It seems like 2020 lasted a lifetime, but do you remember when the United States came together to fight the common enemy that was The Plastic bag? Cities around the world enacted bans and embarrassed anyone who dared to carry anything inside one. Those with pets were the most affected because if you carry dog poop in a plastic bag, it looks like you cleaned up after your dog, but if you carry dog poop in a paper bag, it looks like you bought it (sorry).
Now, there’s a chance that the coronavirus pandemic will bring them back, and plastic bags look set to return to the limelight after going through so much hardship in recent years.
Being a plastic bag in the early 2010s was a difficult existence. You couldn’t get a job anywhere like in the whole country; Thin disposable bags received the old chest. My sources tell me that this is related to something called “environment”. In case you don’t know, the environment is that empty space adjacent to you at all times. It often refers to forests and oceans and all the places you can’t get a Reuben sandwich.
If the plastic bags had something for them, it was that they were quite clean. The pandemic has prompted numerous states to reconsider or at least temporarily halt such hygiene bans, including New York, California, and Oregon, and many retailers now prohibit customers from bringing their own reusable bags. Why? Because they are dirty, dirty things (not yours, of course).
It’s all to protect supermarket workers, as well as customers, as the virus is believed to be less likely to spread in a new plastic bag than a reusable one. Can you still use your adorable Radio Flyer wagon to take groceries home? I’m not sure.

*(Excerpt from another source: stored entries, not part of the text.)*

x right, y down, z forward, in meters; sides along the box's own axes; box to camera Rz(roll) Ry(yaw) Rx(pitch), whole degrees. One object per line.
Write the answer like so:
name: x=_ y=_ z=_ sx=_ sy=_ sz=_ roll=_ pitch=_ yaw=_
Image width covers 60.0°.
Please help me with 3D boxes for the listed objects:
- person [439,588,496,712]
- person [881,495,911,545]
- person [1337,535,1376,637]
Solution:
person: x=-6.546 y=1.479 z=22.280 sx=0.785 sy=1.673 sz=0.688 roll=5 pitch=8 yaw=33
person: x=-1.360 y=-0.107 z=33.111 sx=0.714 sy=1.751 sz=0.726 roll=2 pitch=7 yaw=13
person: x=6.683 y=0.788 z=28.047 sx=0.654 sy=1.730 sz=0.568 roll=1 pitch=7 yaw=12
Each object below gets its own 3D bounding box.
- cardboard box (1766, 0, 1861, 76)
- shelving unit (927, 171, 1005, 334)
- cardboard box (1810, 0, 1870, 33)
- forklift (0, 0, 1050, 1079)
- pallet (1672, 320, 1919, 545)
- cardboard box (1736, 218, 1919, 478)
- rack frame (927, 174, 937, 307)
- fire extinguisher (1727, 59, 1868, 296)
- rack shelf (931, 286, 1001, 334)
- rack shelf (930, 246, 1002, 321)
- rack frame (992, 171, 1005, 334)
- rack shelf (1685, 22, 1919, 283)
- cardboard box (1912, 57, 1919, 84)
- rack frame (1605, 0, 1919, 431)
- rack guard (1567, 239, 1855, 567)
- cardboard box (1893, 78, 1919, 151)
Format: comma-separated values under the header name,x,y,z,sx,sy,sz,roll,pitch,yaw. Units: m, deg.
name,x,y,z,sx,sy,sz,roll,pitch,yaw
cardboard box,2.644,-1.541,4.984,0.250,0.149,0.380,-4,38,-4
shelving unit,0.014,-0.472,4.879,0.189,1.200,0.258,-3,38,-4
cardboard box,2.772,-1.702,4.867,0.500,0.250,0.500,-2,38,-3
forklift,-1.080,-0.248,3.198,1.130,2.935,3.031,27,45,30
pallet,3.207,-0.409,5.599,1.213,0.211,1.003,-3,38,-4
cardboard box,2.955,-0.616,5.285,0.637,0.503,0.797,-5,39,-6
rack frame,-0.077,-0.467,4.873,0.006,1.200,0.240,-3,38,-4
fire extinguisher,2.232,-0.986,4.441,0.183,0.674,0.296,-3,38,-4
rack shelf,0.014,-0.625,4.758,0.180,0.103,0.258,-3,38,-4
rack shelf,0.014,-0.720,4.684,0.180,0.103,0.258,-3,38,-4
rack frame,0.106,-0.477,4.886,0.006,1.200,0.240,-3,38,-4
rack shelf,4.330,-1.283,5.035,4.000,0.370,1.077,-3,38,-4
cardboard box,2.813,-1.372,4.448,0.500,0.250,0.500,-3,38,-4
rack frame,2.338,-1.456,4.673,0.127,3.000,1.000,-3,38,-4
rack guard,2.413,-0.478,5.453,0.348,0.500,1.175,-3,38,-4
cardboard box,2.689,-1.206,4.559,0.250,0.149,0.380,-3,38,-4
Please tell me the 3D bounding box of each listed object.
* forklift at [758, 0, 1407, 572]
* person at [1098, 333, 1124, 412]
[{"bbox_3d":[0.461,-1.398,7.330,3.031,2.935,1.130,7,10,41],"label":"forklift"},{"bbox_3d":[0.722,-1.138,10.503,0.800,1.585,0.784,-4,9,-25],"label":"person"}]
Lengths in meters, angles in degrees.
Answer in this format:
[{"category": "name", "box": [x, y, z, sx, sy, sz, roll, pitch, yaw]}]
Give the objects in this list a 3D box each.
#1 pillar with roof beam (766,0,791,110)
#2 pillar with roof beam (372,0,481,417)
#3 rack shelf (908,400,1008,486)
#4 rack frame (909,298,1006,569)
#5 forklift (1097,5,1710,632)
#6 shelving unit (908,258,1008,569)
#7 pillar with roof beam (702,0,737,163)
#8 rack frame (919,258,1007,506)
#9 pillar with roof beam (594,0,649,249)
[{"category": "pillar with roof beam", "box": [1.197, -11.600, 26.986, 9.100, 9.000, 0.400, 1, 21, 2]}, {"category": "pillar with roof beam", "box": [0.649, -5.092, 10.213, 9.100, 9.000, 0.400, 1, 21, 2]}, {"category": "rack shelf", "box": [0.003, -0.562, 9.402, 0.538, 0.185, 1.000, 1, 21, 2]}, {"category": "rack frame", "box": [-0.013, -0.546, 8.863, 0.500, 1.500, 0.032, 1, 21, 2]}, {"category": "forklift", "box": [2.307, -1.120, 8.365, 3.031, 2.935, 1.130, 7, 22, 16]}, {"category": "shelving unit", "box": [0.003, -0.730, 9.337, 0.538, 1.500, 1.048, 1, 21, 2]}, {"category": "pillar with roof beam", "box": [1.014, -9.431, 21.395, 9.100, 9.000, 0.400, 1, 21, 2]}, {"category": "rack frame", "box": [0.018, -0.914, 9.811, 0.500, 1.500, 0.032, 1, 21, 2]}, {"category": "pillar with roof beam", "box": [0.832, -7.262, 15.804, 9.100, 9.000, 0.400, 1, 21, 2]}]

The ban on plastic bags never really hit me because I steal (I’m kidding), but hearing that they may be coming back brings me all sorts of warm, sticky memories. I always loved the way the bags swing from my hands and how they quickly detangle when I roll them up. Paper and reusable bags certainly serve their purpose, but they’re not funny. They are wrinkled industrial monsters, all right angles and rough edges. Think of the plastic bag scene in “American Beauty” and then try to picture it with a paper or reusable bag. That thing wouldn’t take off from the ground.
Still, paper bags have been a respectable filler, like when Don Cheadle took over Terrence Howard as Rhodey in “Iron Man 2”. They’re great to use as easy recycling bins, they’re better than plastic bags for carrying long items like wine or baguettes (my whole diet), and they work well as masks when you’re embarrassed to be seen cheering on your team. I mean the paper bags with handles, of course; those without handles are completely useless and have no place in society.
No matter how long the coronavirus pandemic lasts, fans of plastic bags shouldn’t get too excited about their triumphant return. Many municipalities are only temporarily halting the bans, and studies have shown that the virus can also survive for a few days on plastic. We may need to delay the plastic bag return parade after all.
The poor just have to keep hanging out under the bridges with Styrofoam, sweet cigarettes, incandescent light bulbs, asbestos and Kinder surprise eggs. It may seem like a hard existence, but that seems like a very good party.